Representante do Beagá, na zona Sul de Ribeirão Preto, diz que fato foi "acidente"; laudo apontou asfixia mecânica em vítima de golpe conhecido como mata-leão

| ACidadeON/Ribeirao


Familiares de Miguel fizeram um protesto no início do mês na porta do Beagá (Foto: reprodução / EPTV)
O bar Beagá, na zona Sul de Ribeirão Preto, decidiu encerrar suas atividades após um ano e quatro meses de funcionamento.

Segundo o representante do estabelecimento, Bruno Coelho, o bar não mais abriu as portas desde a morte do empresário Miguel Francisco Puga Barbosa, de 24 anos, no último dia 26 de maio.

Laudo do IML (Instituto Médico Legal) apontou que a causa da morte do jovem foi asfixia mecânica e estrangulamento.  

Imagens do circuito interno mostram o jovem sendo imobilizado com um golpe conhecido como mata-leão durante uma confusão no estabelecimento.  

"Foi única e exclusivamente por causa da morte do rapaz. Porque, até lá, o bar era um excelente negócio para todo mundo", disse Coelho, por telefone ao ACidade ON.  

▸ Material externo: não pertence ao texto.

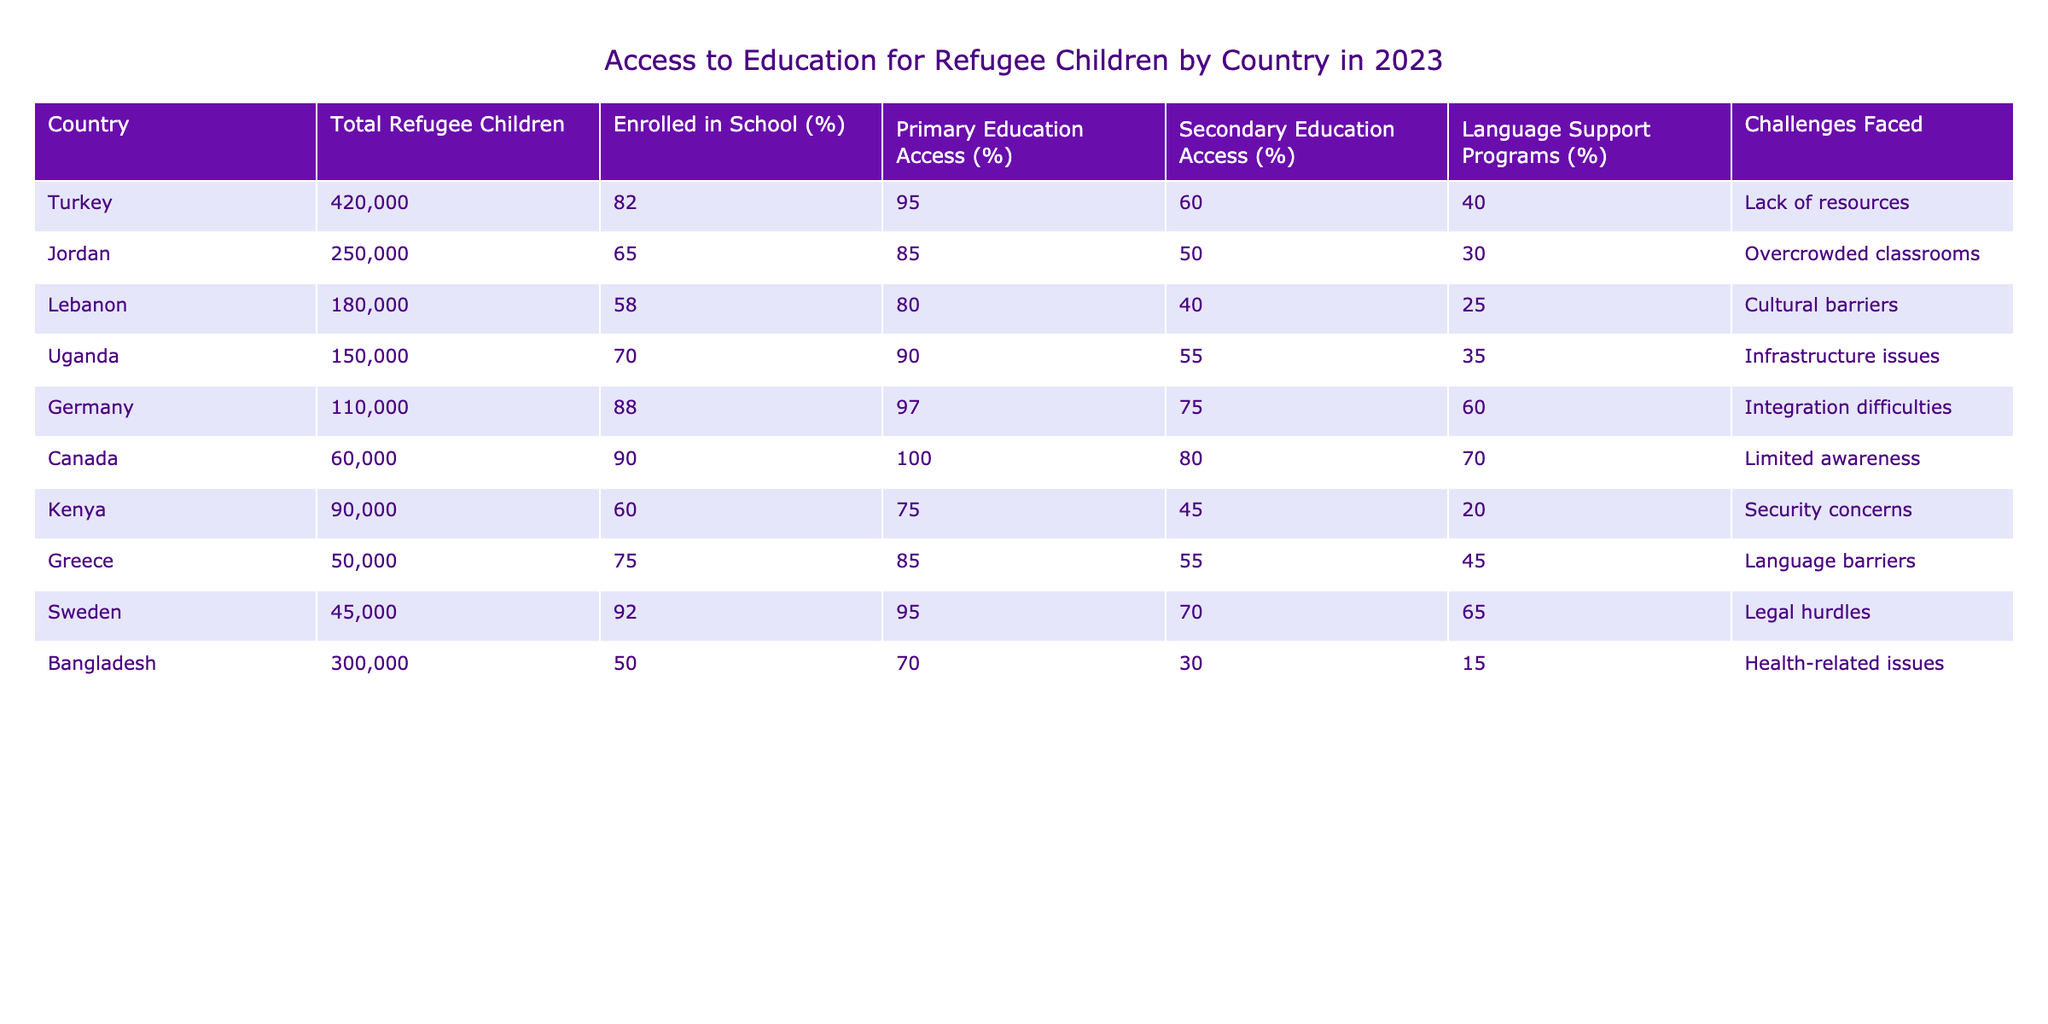What percentage of refugee children in Germany are enrolled in school? According to the table, the percentage of refugee children in Germany who are enrolled in school is specified as 88%.
Answer: 88% Which country has the lowest percentage of access to secondary education for refugee children? By comparing the percentages under the Secondary Education Access column, we find that Bangladesh has the lowest percentage at 30%.
Answer: Bangladesh What is the average percentage of primary education access among the listed countries? To find the average, we sum the percentages of primary education access: (95 + 85 + 80 + 90 + 97 + 100 + 75 + 85 + 95 + 70) = 927. Since there are 10 countries, the average is 927/10 = 92.7%.
Answer: 92.7% Is it true that Kenya has more refugees enrolled in school than Uganda? From the table, Kenya has 60% enrolled in school, while Uganda has 70%. Therefore, the statement is false.
Answer: No Which countries have language support programs available for more than 50% of refugee children? Examining the Language Support Programs column, the countries with more than 50% are Canada (70%), Germany (60%), and Sweden (65%).
Answer: Canada, Germany, Sweden What is the difference in the percentage of school enrollment between Turkey and Lebanon? Turkey's school enrollment percentage is 82% while Lebanon's is 58%. The difference is calculated as 82% - 58% = 24%.
Answer: 24% Which country faces cultural barriers as a significant challenge to education? The table indicates that Lebanon faces cultural barriers as a significant challenge to education.
Answer: Lebanon What is the total number of refugee children enrolled in school across all listed countries? To find this, we can total the numbers of refugee children and their corresponding enrollment percentages: (420000 * 0.82 + 250000 * 0.65 + 180000 * 0.58 + 150000 * 0.70 + 110000 * 0.88 + 60000 * 0.90 + 90000 * 0.60 + 50000 * 0.75 + 45000 * 0.92 + 300000 * 0.50) = 397,600 children enrolled in school.
Answer: 397600 What is the highest percentage of primary education access and which country provides it? The highest percentage of primary education access is 100%, and this is provided by Canada.
Answer: Canada 
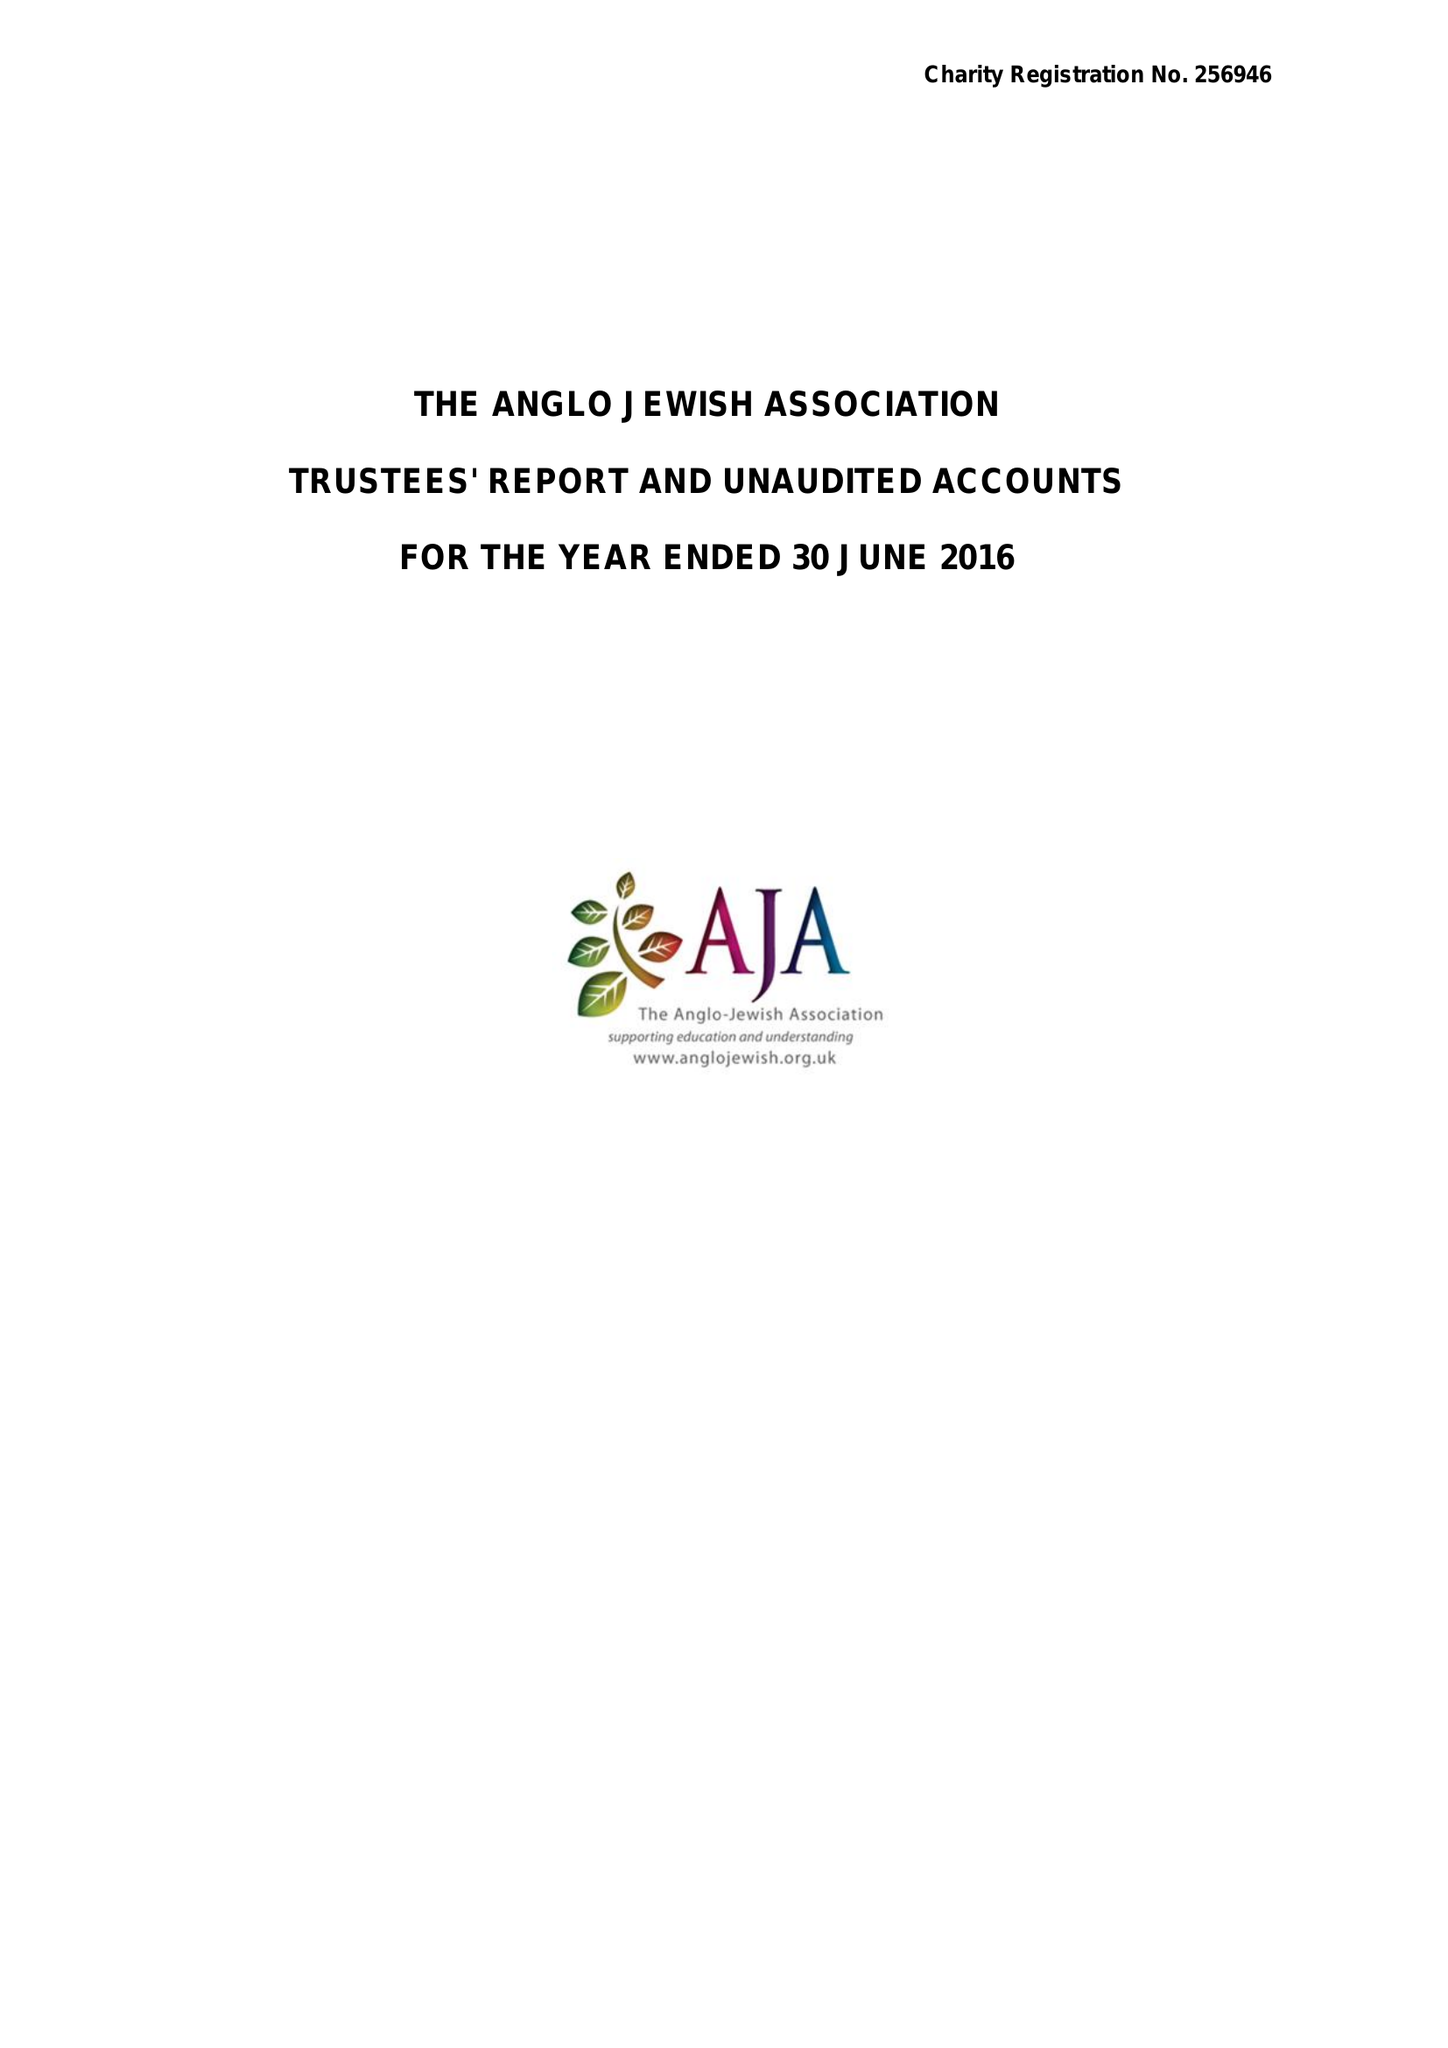What is the value for the address__street_line?
Answer the question using a single word or phrase. 75 MAYGROVE ROAD

Aproximadamente 20 funcionários do Baeagá tiveram seus contratos trabalhistas rescindidos, segundo o representante, e o imóvel já foi devolvido ao proprietário. 
 

Coelho também alegou que a imprensa e pessoas na internet teriam divulgado inverdades e fatos negativos contra o bar, o que também teria contribuído com a decisão pelo encerramento das atividades.  

O segurança Jonathan Wiliam Bento, 26 anos, chegou a ser preso em flagrante sob acusação de homicídio doloso (com intenção), acusado de aplicar o mata-leão no empresário.  

O TJ-SP (Tribunal de Justiça de São Paulo), contudo, concedeu uma liminar de habeas corpus e ele responde ao processo em liberdade.  

"Responsabilidade do bar não existe nenhuma. A polícia entendeu, o juiz entendeu, menos a imprensa e os amigos do rapaz na internet. O bar não é colocado como réu, não foi intimado a nada", declarou Coelho ao citar que o segurança seria terceirizado e estaria dentro da legalidade durante a prestação de serviço no estabelecimento.  

"Aconteceu um acidente, uma fatalidade. O segurança tentou imobilizar o rapaz e, infelizmente, ou por uma deficiência na técnica do golpe ou excesso de força, ocorreu a asfixia mecânica. Mas, em momento nenhum, ele teve intenção de matar ninguém. Todo mundo saiu prejudicado na história. Uma história em que só há vítimas", disse.